Alcorconera de corazón, Sonia abandonó la ciudad que la vio crecer durante 15 años por trabajo. Pero no la olvidó. Tal es así, que regresó convencida para quedarse. Diplomada en Ciencias Empresariales y licenciada en Dirección y Administración de Empresa, estuvo trabajando como administrativa. Pero la idea de pasarse toda su vida en la misma ocupación la aterraba, así que decidió dedicarse a su pasión, la fotografía. No sin el recelo familiar de quien ve cómo un ser querido abandona su profesión y un trabajo estable para “hacerse artista”.

Decidida a hacerse un hueco en el mundo de la fotografía, se formó en la Escuela de Fotografía y Centro de Imagen (EFTI). Allí cursó estudios de Profesional Digital de Fotografía Ciclos I y II, y realizó el Máster Internacional en Fotografía Contemporánea y Proyectos Personales, completándolos con el curso de Experto Universitario en Fotografía Aplicada por la Universidad Miguel Hernández de Elche.

Más que imágenes de un barrio

Sonia nos explica cada una de las imágenes que conforman la muestra. “Elegí estas fotos porque muestran el barrio donde me crié, al otro lado de las vías del tren, donde me siento segura”. Quince fotografías de la noche alcorconera que contienen una “verdad” que para ella es “una vuelta a mis raíces, al lugar en el que empiezan los recuerdos. Es considerar protagonistas de la noche a los paseos, los árboles, los estanques, los puentes sobre el tren… y, al contar esa vida nocturna, reivindicar una nueva imagen del barrio”.

“Mi trabajo son fotografías nocturnas.
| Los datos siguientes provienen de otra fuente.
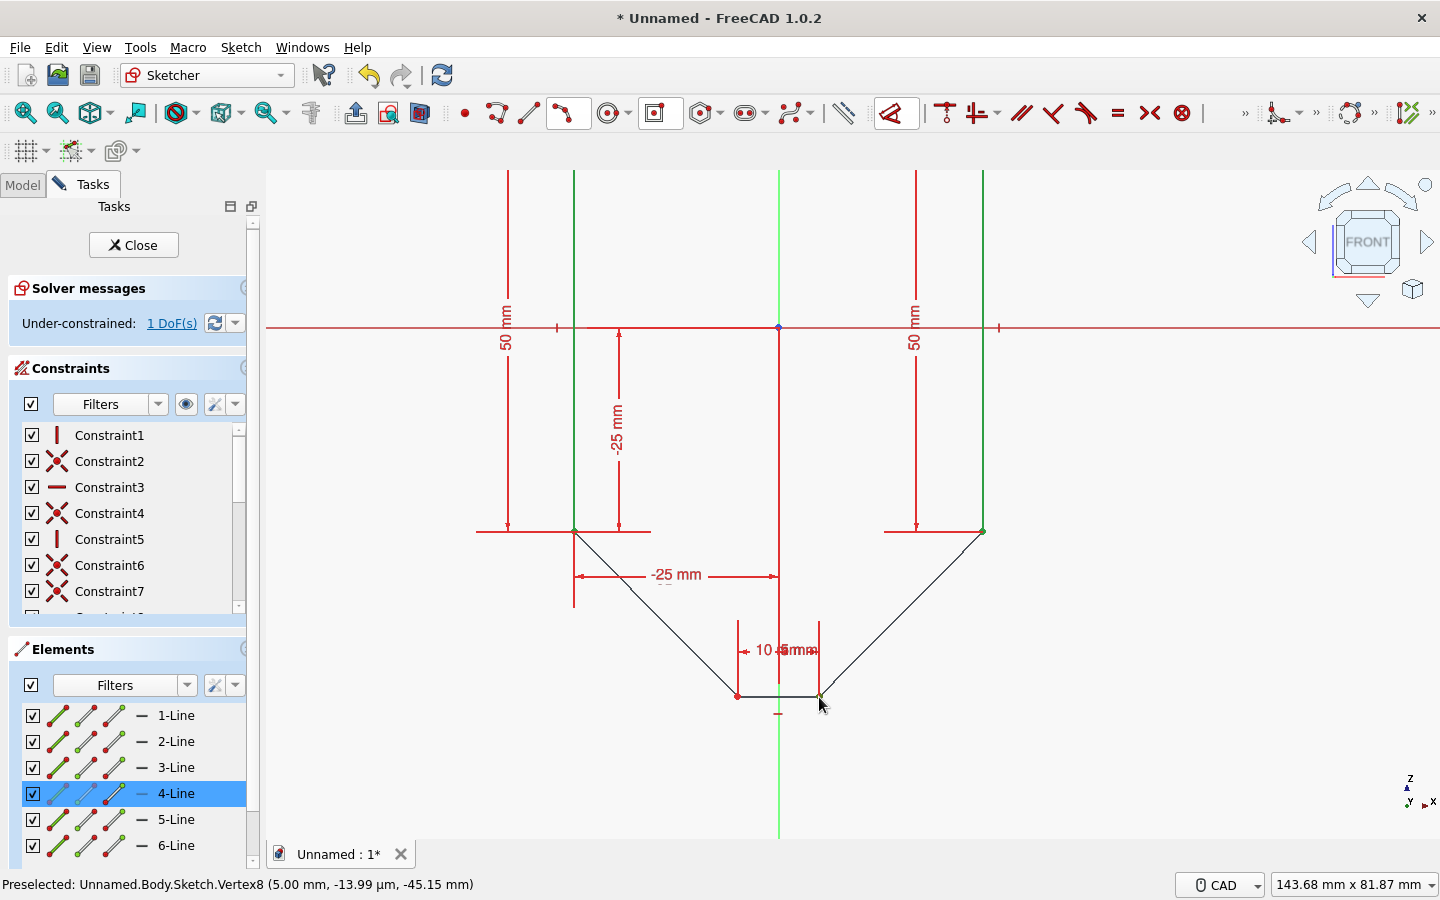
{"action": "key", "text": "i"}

En blanco y negro. Sin gente. Hasta ahí es lo que puede ver cualquiera. A cada uno le transmitirá una sensación y ése será mi regalo. Que a cada persona consiga moverle algo, aunque no sea lo mismo que me mueve a mí”.

Filosofía ‘springstiniana’

Fan incondicional de Bruce Springsteen, cuyas letras de las canciones considera filosofía y sentido de la vida, Sonia explica cómo “la esencia de mis fotos, lo que me movió a mi, es pura filosofía springstiniana. Lo que nació como un trabajo sobre mi barrio, un barrio de gente a la que no le han regalado nada y que tiene que luchar mucho para llevar una vida lo más digna posible, acabó convirtiéndose en una búsqueda del propio destino bajo la idea de que cualquiera puede morir ahí fuera, pero también se puede morir dentro de uno mismo. Ya se que es una mezcla de muchas cosas… Pero es que yo también lo soy”. Porque en estas imágenes podemos ver una mezcla de zonas más urbanas con otras más boscosas. “Cada uno que escoja su camino, que los hay, y su Tierra Prometida. De esto sólo se sabe cuando me preguntan. La exposición únicamente lleva un texto muy corto de arranque”.  Y lo demás Sonia lo deja a la imaginación de cada persona, que disfruta viendo las imágenes captadas a través del visor de su cámara.